Much of the blogosphere is in a dither over why Amazon.com is bothering to join the appallingly unprofitable online music business--late, to boot. I don't doubt that for the long term, Amazon CEO Jeff Bezos recognizes that the company needs to be in digital music. So it has to establish a beachhead.

I also don't doubt that the record companies aren't going to let Amazon make any more money than anyone else. And it's well-known that even market leader Apple is making little or no money on downloads themselves. Nor have subscriptions, which my colleague Cliff Edwards confirms are the heart of Amazon's music offering, proved to be profitable. And clearly, Amazon's not going to make money on a subsidized music player.

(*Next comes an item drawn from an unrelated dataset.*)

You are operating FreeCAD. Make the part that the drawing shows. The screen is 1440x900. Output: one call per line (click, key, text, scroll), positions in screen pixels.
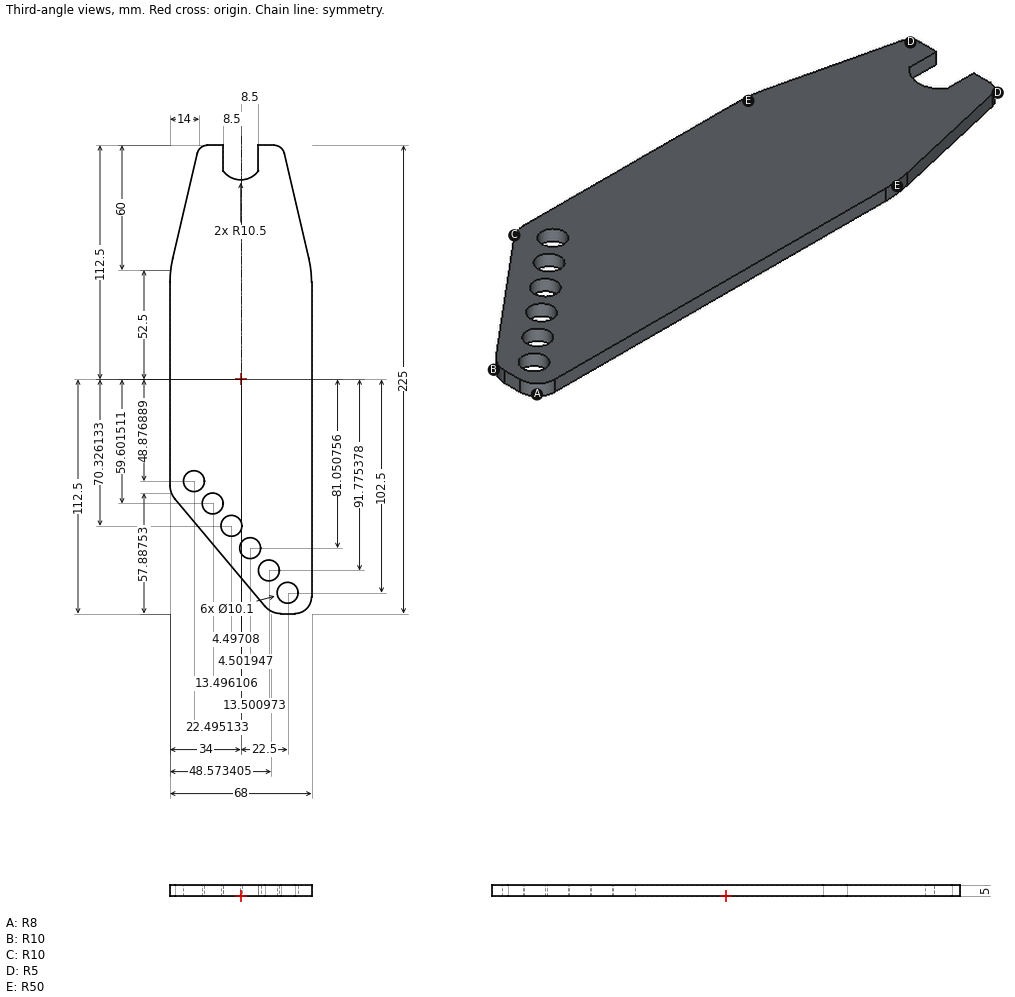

So here's what I wonder: Could the music store, at least for now, be just a come-on for everything else Amazon sells--a loss leader not for music hardware, as it is for Apple with its iPod, but for all the other hard goods Amazon sells? In a way, says Eric Garland, CEO of the digital media measurement company BigChampagne, "it's the same play as Apple. The media becomes a loss leader for physical goods" from TVs to kitchen mixers to Xboxes and all the other nonmedia stuff that a lot of people still don't know Amazon sells.

Maybe. As a marketing ploy, though, it's a pretty expensive one, since Amazon has hired a bunch of people for its digital media efforts. Possibly too many. Something doesn't quite compute here. But Bezos is no fool. It's a good bet we'll see some surprises by the time Amazon launches its music offering this summer.